Division of Mathematical Sciences, School of Physical and Mathematical Sciences, Nanyang Technological University, Singapore, Singapore.
Chern Institute of Mathematics and LPMC, Nankai University, Tianjin, China.
Methods Mol Biol. 2023;2627:211-229. doi: 10.1007/978-1-0716-2974-1_12.

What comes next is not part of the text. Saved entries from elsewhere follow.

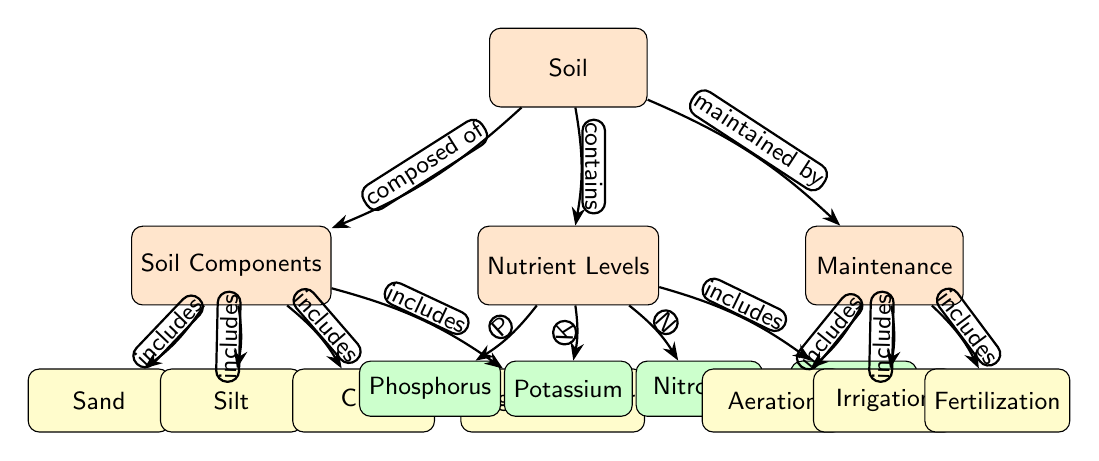What are the components of soil? The diagram identifies four components of soil that are directly connected to the "Soil Components" node: Sand, Silt, Clay, and Organic Matter.
Answer: Sand, Silt, Clay, Organic Matter Which nutrient has the symbol N? Referring to the "Nutrient Levels" node, Nitrogen is specified to have the symbol N.
Answer: Nitrogen What type of maintenance includes aeration? The "Maintenance" node connects to Aeration, indicating it is one of the included maintenance activities.
Answer: Aeration How many main nodes are present in the diagram? By counting the main nodes, we see there are three: "Soil," "Nutrient Levels," and "Maintenance." Therefore, the total count of main nodes is three.
Answer: 3 What does soil contain according to the diagram? The "Soil" node connects to the "Nutrient Levels" node, indicating that soil contains several nutrients, specifically listed as Phosphorus, Potassium, Nitrogen, and pH Level.
Answer: Nutrient Levels Which maintenance activity is related to fertilization? Fertilization is one of the activities listed under the "Maintenance" node, indicating that it is directly related to soil maintenance efforts.
Answer: Fertilization What is included in the nutrient levels category? The "Nutrient Levels" node shows that it includes four specific nutrients: Phosphorus, Potassium, Nitrogen, and pH Level.
Answer: Phosphorus, Potassium, Nitrogen, pH Level Which component of the soil diagram deals with moisture management? Irrigation is a specific maintenance activity listed under the "Maintenance" node, indicating its role in managing moisture in the soil.
Answer: Irrigation What relationship does soil have with maintenance? The "Soil" node is maintained by the "Maintenance" node according to the directional relationship indicated in the diagram.
Answer: Maintained by

Molecular representations are of great importance for machine learning models in RNA data analysis. Essentially, efficient molecular descriptors or fingerprints that characterize the intrinsic structural and interactional information of RNAs can significantly boost the performance of all learning modeling. In this paper, we introduce two persistent models, including persistent homology and persistent spectral, for RNA structure and interaction representations and their applications in RNA data analysis. Different from traditional geometric and graph representations, persistent homology is built on simplicial complex, which is a generalization of graph models to higher-dimensional situations. Hypergraph is a further generalization of simplicial complexes and hypergraph-based embedded persistent homology has been proposed recently. Moreover, persistent spectral models, which combine filtration process with spectral models, including spectral graph, spectral simplicial complex, and spectral hypergraph, are proposed for molecular representation. The persistent attributes for RNAs can be obtained from these two persistent models and further combined with machine learning models for RNA structure, flexibility, dynamics, and function analysis.
分子表示对于 RNA 数据分析中的机器学习模型非常重要。本质上,能够刻画 RNA 内在结构和相互作用信息的有效分子描述符或指纹,可以显著提升所有学习建模的性能。在本文中,我们介绍了两种用于 RNA 结构和相互作用表示的持久模型,包括持久同调与持久谱,并讨论了它们在 RNA 数据分析中的应用。与传统的几何和图表示方法不同,持久同调建立在单纯复形上,它是图模型在高维情况下的推广。超图是单纯复形的进一步推广,最近已经提出了基于超图的嵌入持久同调。此外,我们还提出了结合过滤过程与谱模型的持久谱模型,包括谱图、谱单纯复形和谱超图,用于分子表示。可以从这两种持久模型中获取 RNA 的持久属性,并进一步与机器学习模型相结合,用于 RNA 结构、灵活性、动力学和功能分析。